- Action item -
The data is to be repeated exactly, with the images removed.

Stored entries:
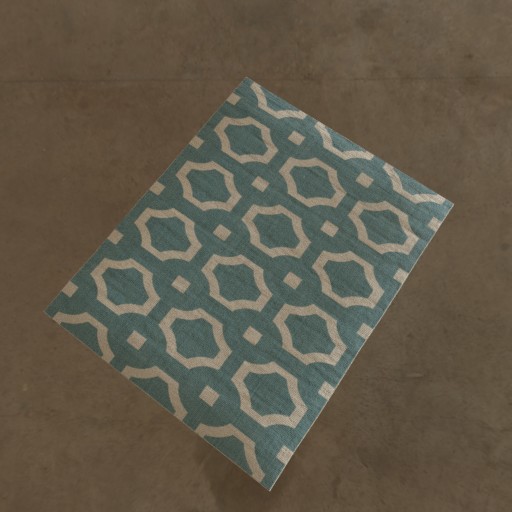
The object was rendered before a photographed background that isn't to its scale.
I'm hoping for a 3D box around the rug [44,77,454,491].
[{"bbox_3d":[0.000,0.000,4.082,2.466,0.021,3.049,35,76,10],"label":"rug"}]
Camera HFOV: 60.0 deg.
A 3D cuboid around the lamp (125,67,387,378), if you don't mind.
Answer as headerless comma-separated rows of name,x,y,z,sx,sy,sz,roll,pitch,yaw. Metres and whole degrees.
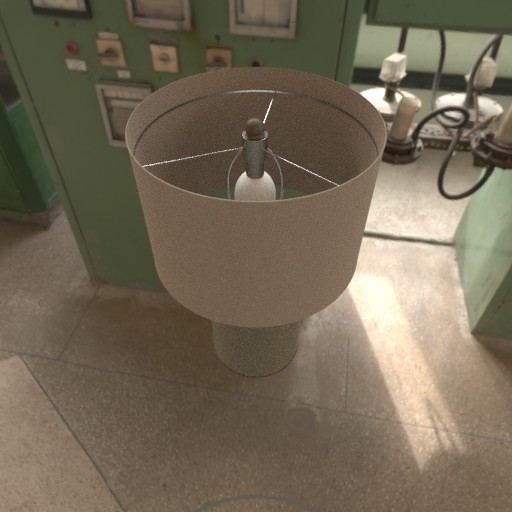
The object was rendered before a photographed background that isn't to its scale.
lamp,0.000,0.000,0.722,0.318,0.486,0.318,0,46,0

- Your solution -
The object was rendered before a photographed background that isn't to its scale.
I'm hoping for a 3D box around the rug [44,77,454,491].
[{"bbox_3d":[0.000,0.000,4.082,2.466,0.021,3.049,35,76,10],"label":"rug"}]
Camera HFOV: 60.0 deg.
A 3D cuboid around the lamp (125,67,387,378), if you don't mind.
Answer as headerless comma-separated rows of name,x,y,z,sx,sy,sz,roll,pitch,yaw. Metres and whole degrees.
The object was rendered before a photographed background that isn't to its scale.
lamp,0.000,0.000,0.722,0.318,0.486,0.318,0,46,0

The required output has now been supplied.